Benchmarking the Generality of Vision-Language-Action Models

Generalist multimodal agents are expected to unify perception, language, and control - operating robustly across diverse real world domains. However, current evaluation practices remain fragmented across isolated benchmarks, making it difficult to assess whether today’s foundation models truly generalize beyond their training distributions. We introduce MultiNet v1.0, a unified benchmark for measuring the cross domain generality of vision language models (VLMs) and vision language action models (VLAs) across six foundational capability regimes. Visual grounding, spatial reasoning, tool use, physical commonsense, multi agent coordination, and continuous robot control. Evaluating GPT 5, Pi0, and Magma, we find that no model demonstrates consistent generality. All exhibit substantial degradation on unseen domains, unfamiliar modalities, or cross domain task shifts despite strong performance within their training distributions.These failures manifest as modality misalignment, output format instability, and catastrophic knowledge degradation under domain transfer.Our findings reveal a persistent gap between the aspiration of generalist intelligence and the actual capabilities of current foundation models.MultiNet v1.0 provides a standardized evaluation substrate for diagnosing these gaps and guiding the development of future generalist agents.Code, data, and leaderboards are publicly available.

💡 Research Summary

The paper addresses a critical gap in the evaluation of vision‑language‑action (VLA) systems: existing benchmarks are fragmented, each focusing on a single capability such as image QA, robotic manipulation, or game playing. To measure true “generalist” intelligence—i.e., the ability to perceive, reason, and act across heterogeneous real‑world domains—the authors introduce MultiNet v1.0, a unified benchmark that aggregates six foundational capability regimes: visual grounding, spatial reasoning, tool use, physical commonsense, multi‑agent coordination, and continuous robot control.

MultiNet v1.0 integrates six heterogeneous datasets: ODINW for in‑the‑wild object detection, SQA3D for 3‑D egocentric spatial QA, PIQA for physical commonsense, Overcooked‑AI for cooperative multi‑agent gameplay, Open‑X Embodiment for continuous robotic manipulation, and BFCL v3 for multi‑turn function‑calling workflows. Each sub‑benchmark demands a distinct input‑output modality (image, video, text) and a specific output format (text, discrete action token, continuous action vector, API call). The authors provide an open‑source SDK that standardizes data loading, prompt construction, and result parsing, together with a reproducible submission pipeline that enforces zero‑shot evaluation across all tasks.

Three state‑of‑the‑art models are evaluated: GPT‑5 (a large multimodal LLM with strong vision‑language capabilities but no explicit action head), π0 (a flow‑matching VLA trained on ~903 M timesteps of robotic data), and Magma (a multi‑task foundation model that jointly learns vision, language, and action). Evaluation metrics are domain‑specific: Exact Match Rate for discrete actions, Mean Squared Error for continuous control, accuracy/F1 for text‑based QA, and success rate for API calls. Additionally, the authors introduce “output format stability” and “modality alignment” scores to capture whether a model’s predictions respect the required modality.

Results reveal a consistent pattern: all models excel within their training distribution but suffer severe degradation when faced with unseen domains or cross‑modal shifts. GPT‑5, despite being the most capable vision‑language model, achieves only ~27 % EMR on Overcooked and ~31 % accuracy on SQA3D, and its function‑calling success drops to 22 %. π0 retains impressive continuous control performance (MSE ≈ 0.04) but virtually loses language generation, often emitting continuous‑action tokens in response to textual prompts. Magma exhibits pervasive output‑modality confusion, producing mismatched formats in roughly 45 % of cases across the suite.

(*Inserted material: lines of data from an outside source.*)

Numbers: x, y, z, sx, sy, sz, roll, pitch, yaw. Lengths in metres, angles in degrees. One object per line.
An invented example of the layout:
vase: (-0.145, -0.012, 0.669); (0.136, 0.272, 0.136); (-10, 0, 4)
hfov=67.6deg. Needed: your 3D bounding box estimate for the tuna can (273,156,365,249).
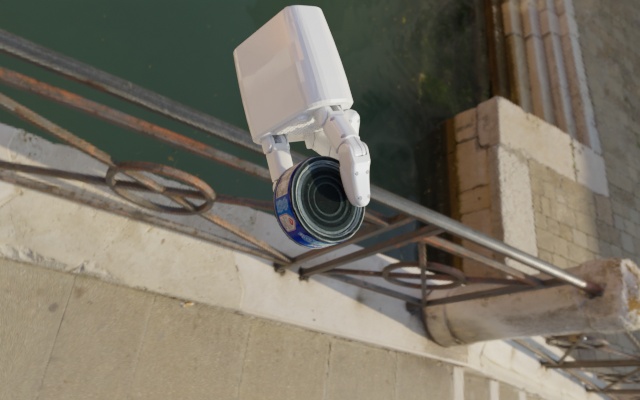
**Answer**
tuna can: (0.000, 0.001, 0.453); (0.086, 0.086, 0.034); (0, -12, -34)

The authors attribute these failures to three root causes: (1) insufficient modality alignment—internal representations for vision, language, and action are not jointly calibrated, leading to representation collapse under transfer; (2) output‑format instability—current architectures lack a dynamic decoder that can switch between text, discrete, and continuous token streams; and (3) domain‑transfer fragility—training data are heavily biased toward specific visual conditions or robot morphologies, limiting generalization to novel physics or visual variations.

Beyond the empirical findings, the paper contributes a fully open‑source benchmark suite, a standardized evaluation protocol, and novel diagnostic metrics that go beyond raw accuracy. By making the code, data, and leaderboards publicly available, the authors enable reproducible research and provide a concrete target for future model development.

In conclusion, MultiNet v1.0 demonstrates that today’s leading multimodal and embodied models are still far from achieving true generalist intelligence. Progress will require research on shared multimodal representation spaces, adaptive output decoders, and more diverse, real‑world‑centric pre‑training that mitigates domain bias. The benchmark sets a clear, rigorous yardstick for measuring such advances.